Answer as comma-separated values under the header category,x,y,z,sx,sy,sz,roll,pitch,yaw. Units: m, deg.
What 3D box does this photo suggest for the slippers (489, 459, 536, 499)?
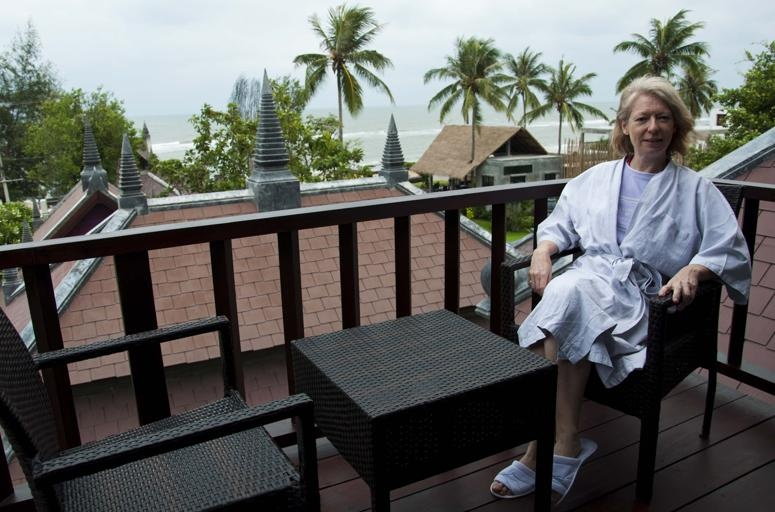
category,x,y,z,sx,sy,sz,roll,pitch,yaw
slippers,0.524,0.919,2.377,0.221,0.079,0.107,-4,14,-18

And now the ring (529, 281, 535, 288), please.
category,x,y,z,sx,sy,sz,roll,pitch,yaw
ring,0.635,0.118,2.503,0.041,0.021,0.037,0,-4,0

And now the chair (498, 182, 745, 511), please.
category,x,y,z,sx,sy,sz,roll,pitch,yaw
chair,0.945,0.219,3.264,1.332,1.790,1.093,-13,20,-39

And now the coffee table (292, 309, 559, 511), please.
category,x,y,z,sx,sy,sz,roll,pitch,yaw
coffee table,0.129,0.618,2.083,0.796,0.640,0.586,-9,18,-23

## What you will do
The expected output is the full data above, reproduced exactly with no images.

## Your response
Answer as comma-separated values under the header category,x,y,z,sx,sy,sz,roll,pitch,yaw. Units: m, deg.
What 3D box does this photo suggest for the slippers (489, 459, 536, 499)?
category,x,y,z,sx,sy,sz,roll,pitch,yaw
slippers,0.524,0.919,2.377,0.221,0.079,0.107,-4,14,-18

And now the ring (529, 281, 535, 288), please.
category,x,y,z,sx,sy,sz,roll,pitch,yaw
ring,0.635,0.118,2.503,0.041,0.021,0.037,0,-4,0

And now the chair (498, 182, 745, 511), please.
category,x,y,z,sx,sy,sz,roll,pitch,yaw
chair,0.945,0.219,3.264,1.332,1.790,1.093,-13,20,-39

And now the coffee table (292, 309, 559, 511), please.
category,x,y,z,sx,sy,sz,roll,pitch,yaw
coffee table,0.129,0.618,2.083,0.796,0.640,0.586,-9,18,-23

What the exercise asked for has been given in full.